Many teachers and school administrators lack the knowledge and skills to implement equitable
practices. Several participants across sectors and regions told us that teachers in their districts do not have the
skills to promote equity effectively in the classroom. In some cases, neither teachers nor school administrators
were aware of available community resources to address issues such as trauma, or to equitably address
discipline challenges. As one participant told us, “Teachers don’t come into the school system saying students
can’t learn. Often, it’s a capacity issue, or the teachers don’t have the understanding or skill sets to [engage with
families from other cultures].”
Participants want more or different data than they have to address equity. District leaders reported
needing data that are more locally relevant and more fine-grained (e.g., breaking racial group achievement
data down by gender). Others noted that incomplete structures or a lack of timeliness at the state level cause
a lag, meaning it can take years to identify low-performing schools. Administrators in some relatively wealthy
districts wanted to support students in poverty, but struggled to identify them because federal school lunch
laws prohibit tracking that data. As one district leader said, “With low-SES kids, we aren’t supposed to know
who those kids are and track them in a student information system and identify them. Federal school lunch
requirements prohibit that.” Community organization leaders wanted to see the development and use of data
that track outcomes such as well-being, or the development of students’ critical consciousness, not simply the
more conventional academic measures.
Filling positions can pose equity challenges. Some districts struggled to recruit or retain faculty, while
existing personnel are frequently absent or experience low morale. One participant noted that teachers in their
district, who are mainly white, are “not necessarily reflective of the clientele we serve,” who are predominantly
children of color -- a common problem that has significant consequences for students of color, according to
research. Another lamented the ways that changes in district leadership could negatively impact progress
toward equity in schools.
Institutions often struggle to learn and collaborate. Community organization leaders felt that organizational
cultures or beliefs can impede learning, improvement, and the advancement of equity. Community
organizations, they posited, sometimes see one another as competitors. They also observed that schools and
districts sometimes resist sharing information that suggests their students are not doing well, or that the staff or
institutions have biases, for example. These mindsets create barriers to collaboration and to seeing challenges
or “bad” news as opportunities to learn and improve.
C. FINANCIAL CAPACITY
Districts and schools lack sufficient resources to address the above concerns. Funding challenges surfaced
across regions, including challenges to hiring sufficient staff, providing needed supports for families, and
providing additional instructional or social and emotional supports to historically disadvantaged students (e.g.,
Participants were concerned about how funding streams were structured. Several saw the state’s new
funding system, the Local Control Funding Formula (LCFF), as a positive turn toward equity. However, districts
that do not qualify for extensive supplemental or concentration grants via LCFF (funds generated by students
who are low-income, foster youth, or English Learners) reported struggling to build robust programs to support
those populations. Others noted the challenge of meeting the needs of gifted students or students with
disabilities without a dedicated funding stream.

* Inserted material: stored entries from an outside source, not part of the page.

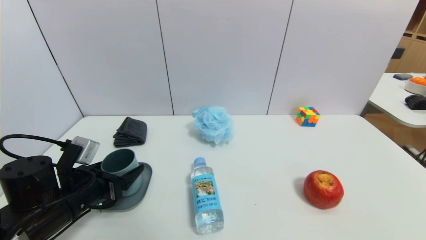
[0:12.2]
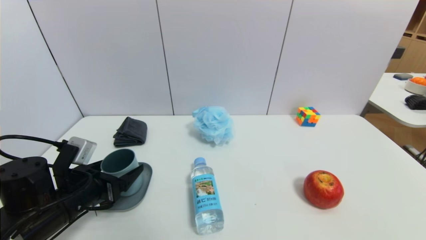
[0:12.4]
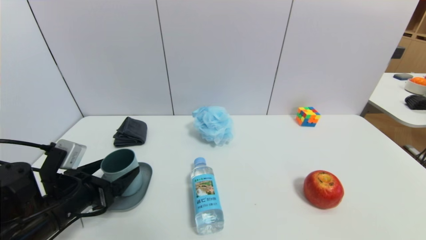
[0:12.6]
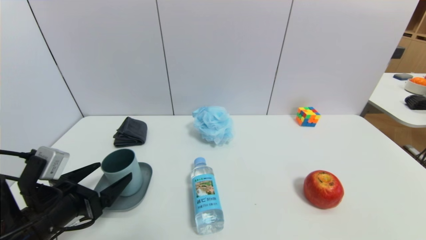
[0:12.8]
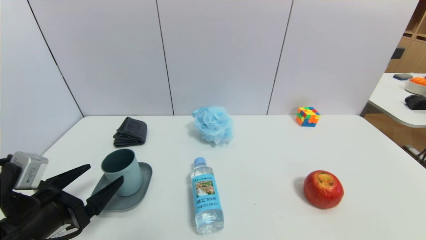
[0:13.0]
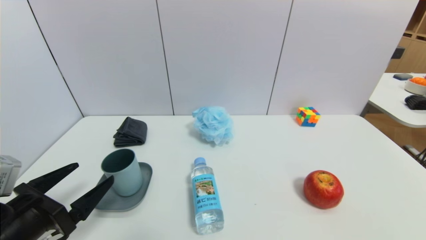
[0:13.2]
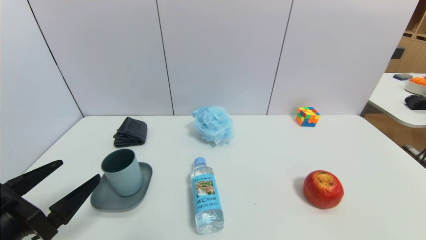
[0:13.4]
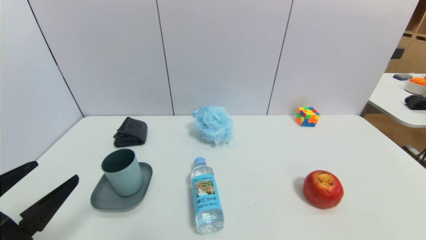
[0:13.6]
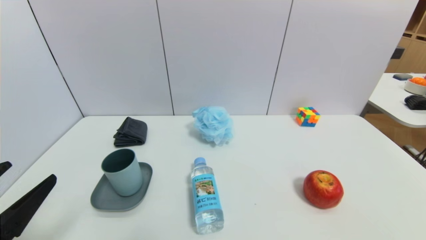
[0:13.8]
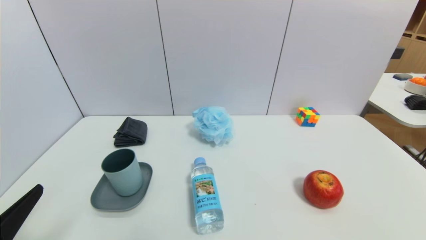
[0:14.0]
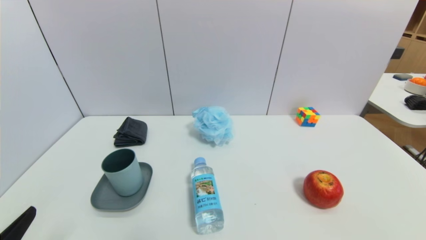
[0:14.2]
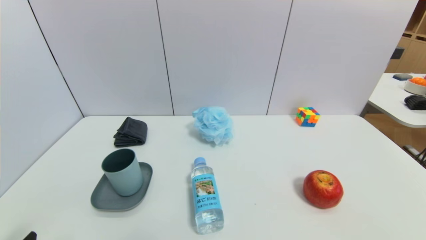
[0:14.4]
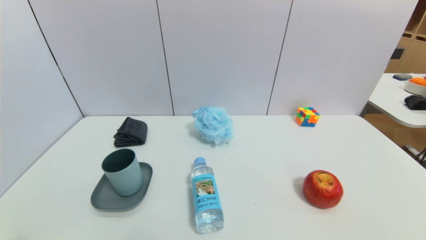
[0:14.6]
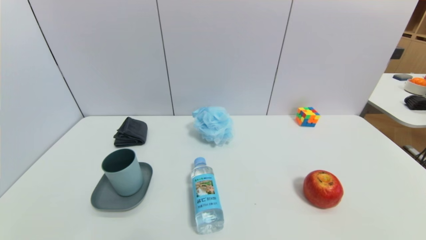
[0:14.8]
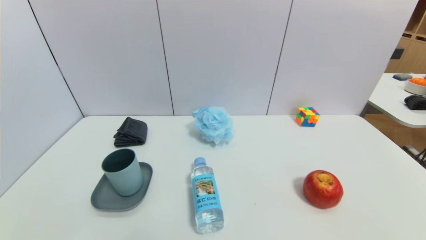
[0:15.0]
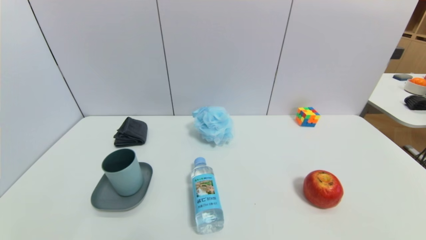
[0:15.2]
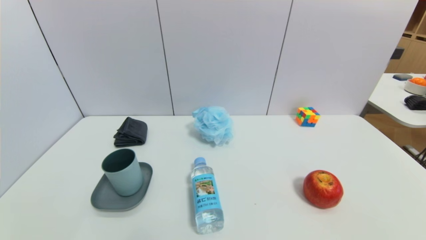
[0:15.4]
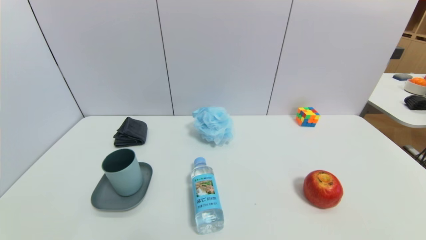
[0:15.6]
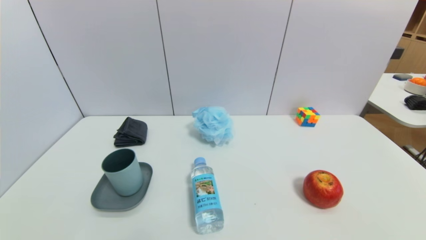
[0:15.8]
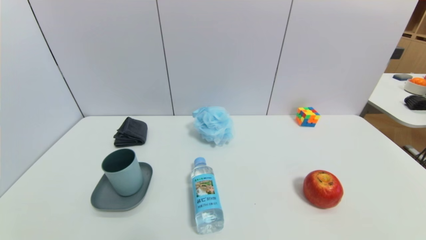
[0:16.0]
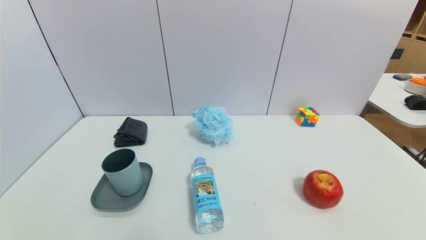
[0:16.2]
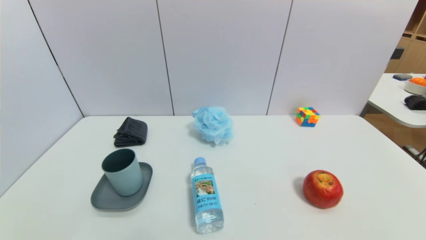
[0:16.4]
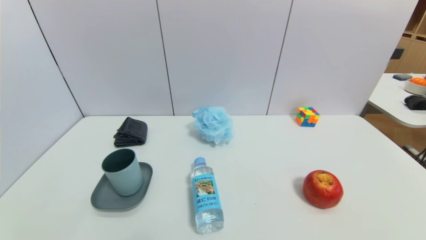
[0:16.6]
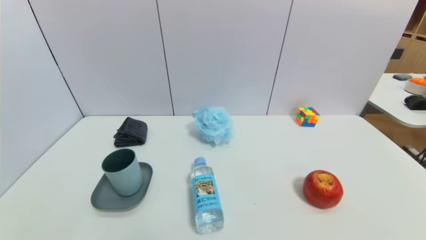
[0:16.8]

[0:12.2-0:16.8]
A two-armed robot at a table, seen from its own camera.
Task of the whole recording: use a gripper to pick the target object and place on the dish.
0:12.2 to 0:13.8: The left gripper goes approximately 15 cm backward and upward, and opens up.
0:13.8 to 0:15.2: The left gripper shifts about 15 cm downward and backward.

3. STRATEGIES USED TO PROMOTE EQUITY
Reported strategies fell broadly into three main areas: a. addressing the social and political context, b.
addressing capacity issues, and c. building on promising practices or processes. Across the board, participants
had relatively less to say about the strategies they employed to advance equity, as compared to the challenges.
Moreover, strategies varied across stakeholder groups, highlighting the importance of leveraging assets and
strategies across these stakeholders. Strategies named by district leaders emphasized professional development
or were framed in terms of existing policies, such as LCFF. Community organization leaders emphasized more
transformative approaches that targeted systemic inequity, and explicitly endeavored to build students’ and
communities’ social and political power to advance equity.
A. SOCIAL & POLITICAL CONTEXT
District leaders did not generally name strategies that attempt to address directly the social and political
context of students and schools. In some cases, however, school and district strategies did appear to be aimed
at those students most likely to be affected by social and political factors. In the case of poverty, these social
factors were named explicitly. Racism was generally not explicitly mentioned. Leaders of community-based
organizations, in contrast, explicitly addressed social and political factors affecting equity, and they often
reported adopting strategies that focused on building political (electoral and social movement) power and
skills. One described their organization this way:
“We engage families in advocating for high-quality public schools in their own neighborhood.
We focus on the political/resource barriers in the way of families having high quality schools. We
engage families to set up parent leadership teams so families can understand these barriers so
they can drive the [advocacy for high-quality schools]. We’re talking about voter engagement and
how to hold elected officials accountable in positive ways.”
A key element of this strategy for some organizations was youth voice. As one community organization leader
told us, “The importance of youth voice/youth leadership is critical. We’re making decisions about high school
students, so we need to have them at the table.”
B. FINANCIAL, HUMAN & TECHNICAL CAPACITY
Districts used a variety of strategies to increase their financial resources for equity-promoting work.
District leaders reported leveraging LCFF dollars, school bonds, parcel taxes, and grants from state and county
agencies to obtain resources for students.
Districts hired staff or directed staff time to equity-promoting work. Strategies included placing equity
coaches on campuses to give feedback and build on observations, employing data support teams at schools that
meet regularly with site administrators, and hiring an EL director and team devoted to English learners’ needs. In
two regions we heard about long-term networks or formal advisory boards being used to promote equity.
Some schools and districts brought in external organizations to do this work, or to train their own staff.
These organizations included the Arenda Consulting Group, Cambio Group, Youth Trusts, Boys Town, Circle of
Friends, and the Association of California School Administrators Equity Initiative. Organizations that participated
in our dialogues also worked with school leaders to build a movement around the best practices implemented
by schools. One community organization also developed short, user-friendly materials for teachers on topics
such as strategies for interrupting implicit bias.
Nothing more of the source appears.